## [Work instructions]
Look below for lines that hold the string "drawing" and copy each one.

___ Exercise inputs ___

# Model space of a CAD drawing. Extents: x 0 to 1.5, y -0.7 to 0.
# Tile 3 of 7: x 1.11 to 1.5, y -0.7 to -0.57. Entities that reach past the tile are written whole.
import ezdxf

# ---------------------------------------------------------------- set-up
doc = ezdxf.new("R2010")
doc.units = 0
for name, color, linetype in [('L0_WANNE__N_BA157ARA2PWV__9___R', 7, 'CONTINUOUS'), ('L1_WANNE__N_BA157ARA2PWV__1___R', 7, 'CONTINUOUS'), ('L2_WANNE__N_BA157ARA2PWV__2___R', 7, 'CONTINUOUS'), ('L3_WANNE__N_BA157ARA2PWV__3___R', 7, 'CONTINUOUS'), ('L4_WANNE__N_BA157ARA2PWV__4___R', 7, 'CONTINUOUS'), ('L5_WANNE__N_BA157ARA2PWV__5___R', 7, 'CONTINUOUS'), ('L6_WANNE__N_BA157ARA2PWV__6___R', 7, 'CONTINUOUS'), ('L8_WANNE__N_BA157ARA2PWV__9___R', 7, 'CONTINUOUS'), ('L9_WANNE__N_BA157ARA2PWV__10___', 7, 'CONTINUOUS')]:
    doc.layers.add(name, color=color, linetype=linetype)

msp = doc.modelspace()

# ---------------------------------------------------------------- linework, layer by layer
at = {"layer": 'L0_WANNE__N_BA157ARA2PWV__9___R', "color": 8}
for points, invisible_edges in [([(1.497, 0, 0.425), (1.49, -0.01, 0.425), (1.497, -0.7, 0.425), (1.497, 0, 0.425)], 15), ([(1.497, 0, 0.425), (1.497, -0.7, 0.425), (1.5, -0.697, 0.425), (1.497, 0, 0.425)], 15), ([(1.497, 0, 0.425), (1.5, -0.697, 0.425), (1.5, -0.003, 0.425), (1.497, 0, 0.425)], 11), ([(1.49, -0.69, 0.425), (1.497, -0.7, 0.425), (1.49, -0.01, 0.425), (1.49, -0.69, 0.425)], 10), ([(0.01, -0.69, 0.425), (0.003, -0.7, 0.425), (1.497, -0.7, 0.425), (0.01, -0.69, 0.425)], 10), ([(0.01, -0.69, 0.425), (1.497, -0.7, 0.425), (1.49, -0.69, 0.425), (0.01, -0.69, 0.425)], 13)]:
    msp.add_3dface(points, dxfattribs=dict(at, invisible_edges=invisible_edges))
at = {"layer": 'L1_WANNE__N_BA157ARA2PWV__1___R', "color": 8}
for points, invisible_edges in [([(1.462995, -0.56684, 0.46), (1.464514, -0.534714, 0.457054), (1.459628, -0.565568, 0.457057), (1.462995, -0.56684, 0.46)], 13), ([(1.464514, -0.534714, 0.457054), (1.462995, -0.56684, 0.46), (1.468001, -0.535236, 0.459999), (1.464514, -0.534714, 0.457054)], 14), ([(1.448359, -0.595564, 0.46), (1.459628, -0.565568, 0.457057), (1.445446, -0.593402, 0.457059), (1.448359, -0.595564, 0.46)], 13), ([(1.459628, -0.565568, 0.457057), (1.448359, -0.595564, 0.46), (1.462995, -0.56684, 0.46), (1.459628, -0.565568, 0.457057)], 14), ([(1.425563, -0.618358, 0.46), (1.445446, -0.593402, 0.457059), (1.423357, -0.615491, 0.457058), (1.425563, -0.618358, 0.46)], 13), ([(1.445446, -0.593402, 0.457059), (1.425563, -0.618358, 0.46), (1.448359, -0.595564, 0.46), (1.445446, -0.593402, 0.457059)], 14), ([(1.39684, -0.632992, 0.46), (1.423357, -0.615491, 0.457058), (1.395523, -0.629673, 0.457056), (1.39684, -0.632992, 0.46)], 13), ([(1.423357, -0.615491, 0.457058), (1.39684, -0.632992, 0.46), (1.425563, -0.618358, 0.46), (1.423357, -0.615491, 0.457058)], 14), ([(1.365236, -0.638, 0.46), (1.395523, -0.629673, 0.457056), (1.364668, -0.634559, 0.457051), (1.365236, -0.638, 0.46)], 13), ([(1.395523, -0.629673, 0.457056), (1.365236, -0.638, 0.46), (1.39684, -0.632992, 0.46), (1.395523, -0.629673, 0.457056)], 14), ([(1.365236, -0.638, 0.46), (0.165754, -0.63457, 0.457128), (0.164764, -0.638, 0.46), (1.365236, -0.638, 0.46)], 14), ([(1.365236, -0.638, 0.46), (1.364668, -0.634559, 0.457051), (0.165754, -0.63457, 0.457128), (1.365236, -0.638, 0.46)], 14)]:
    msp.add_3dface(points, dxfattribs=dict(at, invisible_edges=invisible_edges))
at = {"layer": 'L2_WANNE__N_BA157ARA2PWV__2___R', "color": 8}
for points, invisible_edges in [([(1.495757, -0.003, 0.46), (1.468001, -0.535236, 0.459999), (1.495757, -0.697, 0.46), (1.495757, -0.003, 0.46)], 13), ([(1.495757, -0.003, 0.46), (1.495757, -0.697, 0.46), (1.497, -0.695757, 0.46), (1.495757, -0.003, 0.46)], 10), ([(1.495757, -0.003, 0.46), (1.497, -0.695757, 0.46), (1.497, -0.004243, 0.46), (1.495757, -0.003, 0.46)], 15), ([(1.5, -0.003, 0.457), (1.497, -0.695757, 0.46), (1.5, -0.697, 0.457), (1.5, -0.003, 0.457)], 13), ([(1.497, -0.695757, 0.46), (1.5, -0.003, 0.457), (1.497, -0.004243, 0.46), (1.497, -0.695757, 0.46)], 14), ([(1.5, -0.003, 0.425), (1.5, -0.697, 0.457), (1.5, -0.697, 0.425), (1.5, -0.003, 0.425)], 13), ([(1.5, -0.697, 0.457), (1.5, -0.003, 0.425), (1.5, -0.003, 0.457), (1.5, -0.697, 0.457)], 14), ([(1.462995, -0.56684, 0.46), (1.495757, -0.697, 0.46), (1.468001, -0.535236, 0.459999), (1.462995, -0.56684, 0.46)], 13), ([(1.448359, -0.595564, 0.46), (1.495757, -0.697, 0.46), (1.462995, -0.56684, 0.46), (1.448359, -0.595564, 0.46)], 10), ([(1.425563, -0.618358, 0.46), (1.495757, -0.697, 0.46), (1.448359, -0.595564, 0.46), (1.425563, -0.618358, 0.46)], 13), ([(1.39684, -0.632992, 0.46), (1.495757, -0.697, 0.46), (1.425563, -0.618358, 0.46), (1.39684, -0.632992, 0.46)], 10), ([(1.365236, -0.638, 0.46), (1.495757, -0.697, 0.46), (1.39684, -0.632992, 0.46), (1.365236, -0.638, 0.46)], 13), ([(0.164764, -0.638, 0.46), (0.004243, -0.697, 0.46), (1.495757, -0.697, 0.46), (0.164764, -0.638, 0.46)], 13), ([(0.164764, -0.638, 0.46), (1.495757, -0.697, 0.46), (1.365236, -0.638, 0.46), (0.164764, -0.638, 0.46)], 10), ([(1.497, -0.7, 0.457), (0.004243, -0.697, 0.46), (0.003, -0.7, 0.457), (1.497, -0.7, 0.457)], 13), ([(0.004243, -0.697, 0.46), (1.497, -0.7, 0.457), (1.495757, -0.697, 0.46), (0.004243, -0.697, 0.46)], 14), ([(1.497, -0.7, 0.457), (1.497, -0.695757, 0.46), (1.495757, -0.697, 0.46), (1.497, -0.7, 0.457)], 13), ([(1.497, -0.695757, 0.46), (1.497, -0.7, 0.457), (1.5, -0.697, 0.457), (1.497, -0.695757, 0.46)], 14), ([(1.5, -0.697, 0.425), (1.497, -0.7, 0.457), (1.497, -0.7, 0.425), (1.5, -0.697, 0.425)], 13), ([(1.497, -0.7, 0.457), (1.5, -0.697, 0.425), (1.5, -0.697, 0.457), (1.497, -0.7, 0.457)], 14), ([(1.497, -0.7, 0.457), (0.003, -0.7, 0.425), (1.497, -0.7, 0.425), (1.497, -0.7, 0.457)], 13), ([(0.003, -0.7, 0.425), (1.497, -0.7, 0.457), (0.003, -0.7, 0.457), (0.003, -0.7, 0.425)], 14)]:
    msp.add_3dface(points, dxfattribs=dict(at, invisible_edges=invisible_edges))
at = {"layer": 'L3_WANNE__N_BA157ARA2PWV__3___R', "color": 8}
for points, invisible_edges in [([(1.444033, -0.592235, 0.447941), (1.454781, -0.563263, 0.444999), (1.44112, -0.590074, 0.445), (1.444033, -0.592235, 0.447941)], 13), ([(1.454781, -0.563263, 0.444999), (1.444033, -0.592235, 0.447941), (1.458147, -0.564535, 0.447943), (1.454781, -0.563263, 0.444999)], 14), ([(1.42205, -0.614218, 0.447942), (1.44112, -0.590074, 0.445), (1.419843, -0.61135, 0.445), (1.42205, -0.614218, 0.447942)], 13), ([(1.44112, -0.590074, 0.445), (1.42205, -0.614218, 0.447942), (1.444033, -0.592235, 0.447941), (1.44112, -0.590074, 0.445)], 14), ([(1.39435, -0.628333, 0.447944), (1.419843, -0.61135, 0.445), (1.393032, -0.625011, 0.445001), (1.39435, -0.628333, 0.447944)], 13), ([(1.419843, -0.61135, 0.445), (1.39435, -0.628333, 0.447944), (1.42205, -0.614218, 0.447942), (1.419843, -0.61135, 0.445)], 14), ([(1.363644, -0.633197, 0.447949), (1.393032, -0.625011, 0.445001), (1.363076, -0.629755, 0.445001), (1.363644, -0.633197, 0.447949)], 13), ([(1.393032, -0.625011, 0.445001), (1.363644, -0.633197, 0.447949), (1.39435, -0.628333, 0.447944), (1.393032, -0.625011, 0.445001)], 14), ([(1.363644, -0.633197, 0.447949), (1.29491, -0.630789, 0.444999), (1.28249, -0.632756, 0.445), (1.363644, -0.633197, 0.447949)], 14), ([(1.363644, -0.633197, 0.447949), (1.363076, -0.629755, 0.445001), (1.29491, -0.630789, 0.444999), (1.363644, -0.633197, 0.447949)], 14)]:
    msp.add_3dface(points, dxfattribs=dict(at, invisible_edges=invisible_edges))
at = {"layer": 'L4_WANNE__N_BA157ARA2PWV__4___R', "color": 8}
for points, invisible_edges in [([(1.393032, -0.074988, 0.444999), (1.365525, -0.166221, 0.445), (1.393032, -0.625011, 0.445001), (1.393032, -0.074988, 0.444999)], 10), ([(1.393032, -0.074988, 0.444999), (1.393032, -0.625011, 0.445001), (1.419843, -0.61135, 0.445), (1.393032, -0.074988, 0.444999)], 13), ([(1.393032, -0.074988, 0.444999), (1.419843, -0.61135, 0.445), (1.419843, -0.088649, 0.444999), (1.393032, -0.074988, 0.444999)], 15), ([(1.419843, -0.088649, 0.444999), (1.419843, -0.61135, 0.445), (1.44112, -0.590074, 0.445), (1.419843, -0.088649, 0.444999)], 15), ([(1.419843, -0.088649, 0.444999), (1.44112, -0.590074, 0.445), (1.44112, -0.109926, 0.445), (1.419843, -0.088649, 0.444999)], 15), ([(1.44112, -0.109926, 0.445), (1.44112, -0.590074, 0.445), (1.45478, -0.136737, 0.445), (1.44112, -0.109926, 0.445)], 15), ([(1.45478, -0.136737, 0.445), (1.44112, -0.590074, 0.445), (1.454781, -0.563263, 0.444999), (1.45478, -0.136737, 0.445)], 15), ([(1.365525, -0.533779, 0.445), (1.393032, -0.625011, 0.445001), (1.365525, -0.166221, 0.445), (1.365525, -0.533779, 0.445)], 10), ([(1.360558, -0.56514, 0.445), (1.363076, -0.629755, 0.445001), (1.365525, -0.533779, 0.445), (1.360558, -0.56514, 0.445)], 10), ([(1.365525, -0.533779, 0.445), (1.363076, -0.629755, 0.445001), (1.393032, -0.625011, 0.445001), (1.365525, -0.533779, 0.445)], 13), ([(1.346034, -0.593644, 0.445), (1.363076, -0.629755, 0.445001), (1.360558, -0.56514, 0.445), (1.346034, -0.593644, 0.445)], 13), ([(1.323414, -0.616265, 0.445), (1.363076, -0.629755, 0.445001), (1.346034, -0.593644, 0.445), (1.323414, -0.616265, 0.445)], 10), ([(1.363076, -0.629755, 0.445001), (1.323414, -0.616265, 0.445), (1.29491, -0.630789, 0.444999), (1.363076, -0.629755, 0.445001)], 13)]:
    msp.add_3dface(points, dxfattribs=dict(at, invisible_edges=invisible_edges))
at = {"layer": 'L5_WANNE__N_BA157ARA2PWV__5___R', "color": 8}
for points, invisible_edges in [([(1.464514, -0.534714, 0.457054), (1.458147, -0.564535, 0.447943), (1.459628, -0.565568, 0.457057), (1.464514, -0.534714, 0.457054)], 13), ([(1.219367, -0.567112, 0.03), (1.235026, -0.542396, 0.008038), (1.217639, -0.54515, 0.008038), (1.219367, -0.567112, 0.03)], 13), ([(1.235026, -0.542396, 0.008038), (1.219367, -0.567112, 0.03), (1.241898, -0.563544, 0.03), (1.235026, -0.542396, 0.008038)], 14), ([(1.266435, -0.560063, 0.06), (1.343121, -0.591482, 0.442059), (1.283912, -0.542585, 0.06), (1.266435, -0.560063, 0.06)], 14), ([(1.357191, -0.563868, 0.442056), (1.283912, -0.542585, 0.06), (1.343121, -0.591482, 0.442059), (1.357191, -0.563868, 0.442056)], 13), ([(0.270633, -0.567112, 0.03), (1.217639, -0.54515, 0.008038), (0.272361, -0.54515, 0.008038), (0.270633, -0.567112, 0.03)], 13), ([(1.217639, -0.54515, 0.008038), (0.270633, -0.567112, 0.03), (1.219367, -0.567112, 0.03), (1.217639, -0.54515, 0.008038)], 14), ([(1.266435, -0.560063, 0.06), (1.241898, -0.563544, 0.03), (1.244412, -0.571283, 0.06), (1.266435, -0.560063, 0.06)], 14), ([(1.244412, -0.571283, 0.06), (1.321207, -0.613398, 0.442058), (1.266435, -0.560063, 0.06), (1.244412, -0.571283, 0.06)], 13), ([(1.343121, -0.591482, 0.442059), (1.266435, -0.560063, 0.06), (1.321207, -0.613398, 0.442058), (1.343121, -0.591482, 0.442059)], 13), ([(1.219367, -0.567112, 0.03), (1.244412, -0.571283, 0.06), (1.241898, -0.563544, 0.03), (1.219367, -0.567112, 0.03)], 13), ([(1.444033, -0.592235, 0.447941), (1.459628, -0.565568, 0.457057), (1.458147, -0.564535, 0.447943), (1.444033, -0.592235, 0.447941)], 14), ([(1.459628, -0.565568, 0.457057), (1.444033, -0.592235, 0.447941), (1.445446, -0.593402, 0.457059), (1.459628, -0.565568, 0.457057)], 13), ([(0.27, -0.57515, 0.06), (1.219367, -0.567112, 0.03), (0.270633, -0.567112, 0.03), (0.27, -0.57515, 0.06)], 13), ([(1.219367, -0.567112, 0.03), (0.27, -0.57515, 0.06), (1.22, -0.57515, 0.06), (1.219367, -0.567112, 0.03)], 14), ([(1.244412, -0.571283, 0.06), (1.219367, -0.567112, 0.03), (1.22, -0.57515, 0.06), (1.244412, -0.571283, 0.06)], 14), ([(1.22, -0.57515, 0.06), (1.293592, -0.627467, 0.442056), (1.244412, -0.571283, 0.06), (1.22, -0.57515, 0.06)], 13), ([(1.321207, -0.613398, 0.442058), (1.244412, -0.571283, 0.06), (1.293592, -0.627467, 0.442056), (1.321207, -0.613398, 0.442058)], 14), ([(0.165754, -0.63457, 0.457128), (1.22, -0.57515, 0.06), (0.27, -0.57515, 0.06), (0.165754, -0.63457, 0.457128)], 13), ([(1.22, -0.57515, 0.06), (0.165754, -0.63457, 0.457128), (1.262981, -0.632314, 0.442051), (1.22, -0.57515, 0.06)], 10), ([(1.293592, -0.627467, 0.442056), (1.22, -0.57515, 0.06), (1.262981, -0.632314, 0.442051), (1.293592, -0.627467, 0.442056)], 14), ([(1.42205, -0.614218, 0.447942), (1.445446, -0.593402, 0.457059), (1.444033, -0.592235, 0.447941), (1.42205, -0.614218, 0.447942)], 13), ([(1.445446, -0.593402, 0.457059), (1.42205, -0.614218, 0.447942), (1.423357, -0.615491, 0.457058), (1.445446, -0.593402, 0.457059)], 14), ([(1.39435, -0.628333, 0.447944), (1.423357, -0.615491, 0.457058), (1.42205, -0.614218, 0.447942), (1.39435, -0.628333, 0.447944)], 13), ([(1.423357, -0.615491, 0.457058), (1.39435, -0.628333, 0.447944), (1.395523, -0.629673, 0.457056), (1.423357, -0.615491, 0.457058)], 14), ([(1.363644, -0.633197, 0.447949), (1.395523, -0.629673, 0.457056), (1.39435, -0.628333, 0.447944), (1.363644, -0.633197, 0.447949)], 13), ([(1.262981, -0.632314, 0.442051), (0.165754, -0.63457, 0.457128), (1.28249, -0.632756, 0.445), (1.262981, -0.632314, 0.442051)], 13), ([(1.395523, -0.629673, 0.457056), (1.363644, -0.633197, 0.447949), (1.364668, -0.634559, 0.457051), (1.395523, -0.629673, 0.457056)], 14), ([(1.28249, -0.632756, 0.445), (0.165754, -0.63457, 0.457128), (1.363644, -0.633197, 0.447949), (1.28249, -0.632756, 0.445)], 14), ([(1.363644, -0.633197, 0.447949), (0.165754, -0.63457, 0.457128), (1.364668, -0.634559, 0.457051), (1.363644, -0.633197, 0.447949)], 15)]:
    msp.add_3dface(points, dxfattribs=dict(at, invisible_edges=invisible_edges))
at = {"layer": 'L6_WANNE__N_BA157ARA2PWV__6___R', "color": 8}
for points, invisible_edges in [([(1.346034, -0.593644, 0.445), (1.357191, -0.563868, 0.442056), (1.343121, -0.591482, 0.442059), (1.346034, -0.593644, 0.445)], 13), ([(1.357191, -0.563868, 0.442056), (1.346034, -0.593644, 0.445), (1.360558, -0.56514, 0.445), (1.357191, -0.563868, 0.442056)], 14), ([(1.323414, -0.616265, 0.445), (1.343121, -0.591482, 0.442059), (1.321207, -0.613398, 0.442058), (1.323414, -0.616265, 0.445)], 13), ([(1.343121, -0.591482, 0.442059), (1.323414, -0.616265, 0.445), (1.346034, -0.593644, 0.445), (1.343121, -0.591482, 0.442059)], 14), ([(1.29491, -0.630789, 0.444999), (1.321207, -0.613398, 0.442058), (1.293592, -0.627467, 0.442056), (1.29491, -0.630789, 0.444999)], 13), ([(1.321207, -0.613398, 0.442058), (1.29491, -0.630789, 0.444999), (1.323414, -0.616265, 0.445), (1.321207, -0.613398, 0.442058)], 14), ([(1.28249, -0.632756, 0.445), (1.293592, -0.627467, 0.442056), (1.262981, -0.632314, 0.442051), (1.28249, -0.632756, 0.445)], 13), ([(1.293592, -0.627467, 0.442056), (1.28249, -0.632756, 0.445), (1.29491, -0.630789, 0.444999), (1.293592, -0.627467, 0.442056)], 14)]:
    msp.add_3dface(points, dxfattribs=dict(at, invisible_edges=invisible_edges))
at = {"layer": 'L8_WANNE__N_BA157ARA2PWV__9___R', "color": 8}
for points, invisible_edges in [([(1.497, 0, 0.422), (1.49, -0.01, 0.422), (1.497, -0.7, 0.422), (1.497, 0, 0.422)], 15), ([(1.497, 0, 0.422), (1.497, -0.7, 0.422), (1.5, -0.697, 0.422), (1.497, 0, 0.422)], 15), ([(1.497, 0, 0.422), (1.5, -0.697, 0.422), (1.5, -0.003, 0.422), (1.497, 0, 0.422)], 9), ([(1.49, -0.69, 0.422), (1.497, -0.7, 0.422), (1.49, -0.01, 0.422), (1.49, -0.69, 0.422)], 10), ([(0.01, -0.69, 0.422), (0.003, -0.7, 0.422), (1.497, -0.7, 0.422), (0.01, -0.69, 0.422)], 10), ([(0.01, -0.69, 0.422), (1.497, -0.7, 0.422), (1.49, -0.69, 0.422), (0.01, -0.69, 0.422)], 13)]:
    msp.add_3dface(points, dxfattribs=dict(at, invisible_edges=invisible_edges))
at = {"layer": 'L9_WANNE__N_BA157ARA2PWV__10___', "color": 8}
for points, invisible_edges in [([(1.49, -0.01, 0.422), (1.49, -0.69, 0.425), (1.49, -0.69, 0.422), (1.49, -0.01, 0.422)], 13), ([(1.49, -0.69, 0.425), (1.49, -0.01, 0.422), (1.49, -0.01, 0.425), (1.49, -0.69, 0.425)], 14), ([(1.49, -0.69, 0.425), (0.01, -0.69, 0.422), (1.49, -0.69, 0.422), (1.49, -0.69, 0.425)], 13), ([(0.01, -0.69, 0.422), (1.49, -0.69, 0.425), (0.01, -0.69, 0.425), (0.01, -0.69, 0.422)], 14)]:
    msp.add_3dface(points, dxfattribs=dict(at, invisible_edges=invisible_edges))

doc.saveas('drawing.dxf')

___

## [Answer section]
# Model space of a CAD drawing. Extents: x 0 to 1.5, y -0.7 to 0.
doc.saveas('drawing.dxf')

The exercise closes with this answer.